Example 6 (11) Cu-Zn-Ti-La alloy Cu 55.5% Zn 35.0% Ti 5.0% La 0.5% (12) Cu-Zn-Ti-Mitshu Metal alloy Cu 55.4% Zn 40.0% Ti 4.0% Mitsushi Metal 0.6% Positive Ratio of reverse polarity pulses and processing speed 1:0 37.4mm ² /min 3:1 38.4mm ² /min 1:1 42.2mm ² /min When the ratio of forward and reverse polarity pulses is 1:0.
(11) and (12) at machining speeds of 37.4mm ² /min, 38.8mm ² /min when 3:1, and 42.2mm ² /min when 1:1.
It was possible to process both alloys.

Since the present invention is constructed as described above, when using the electrode material for wire cut electric discharge machining of the present invention,
It can be easily drawn, has good conductivity and heat resistance, and has high tensile strength, so the wire electrode is hard to get bent, has a low wear rate, and almost never breaks during use.
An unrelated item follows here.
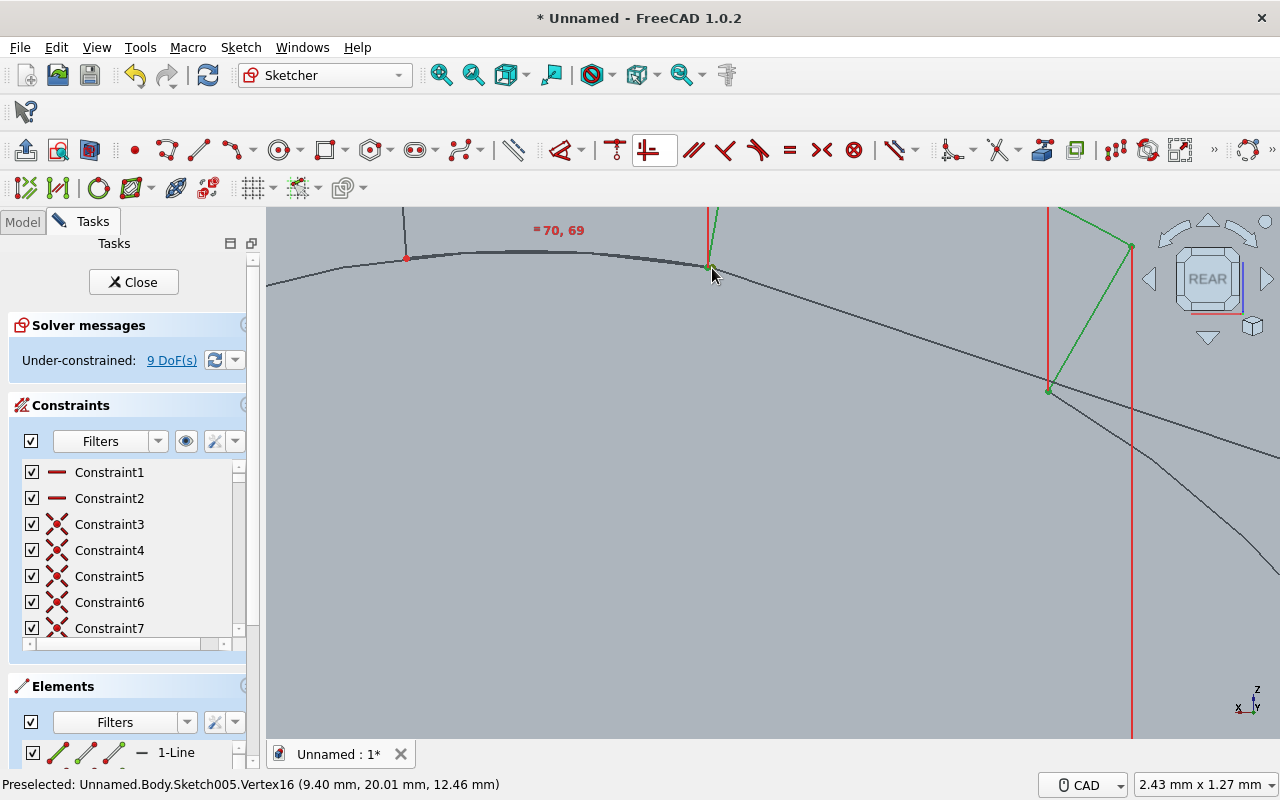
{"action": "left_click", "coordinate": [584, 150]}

It can be processed at high current density without any
Since machining speed can be increased and short circuits can be prevented, work efficiency can be greatly increased.
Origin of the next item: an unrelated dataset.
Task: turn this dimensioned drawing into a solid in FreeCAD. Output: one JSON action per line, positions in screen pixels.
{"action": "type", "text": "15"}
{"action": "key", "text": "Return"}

In addition, in this example, as a rare earth element
Although La and Mitsushi metal are used, rare earth elements such as Y, Ce, and Sm may also be used, and other known rare earth elements can also be used, and the present invention encompasses all of them. It is.

Claims (1)

[Claims] 1. 20 to 50% Zn by weight percentage (the same applies hereinafter)
and 1 to 5% of at least one element selected from the group consisting of Sn, Ta, Zr, Co, Fe and Ti,
An electrode material for wire cut electric discharge machining characterized by comprising 0.05 to 1% of a rare earth element, the balance being impurities and Cu. 2. The electrode material for wire cut electrical discharge machining according to claim 1, wherein the rare earth element is La. 3. The electrode material for wire cut electric discharge machining according to claim 1, wherein the rare earth element is Mitsushi metal. 4. The electrode material for wire cut electric discharge machining according to claim 1, wherein the rare earth element is Ce. 5. The electrode material for wire cut electric discharge machining according to claim 1, wherein the rare earth element is Sm. 6. The electrode material for wire cut electric discharge machining according to claim 1, wherein the rare earth element is Y.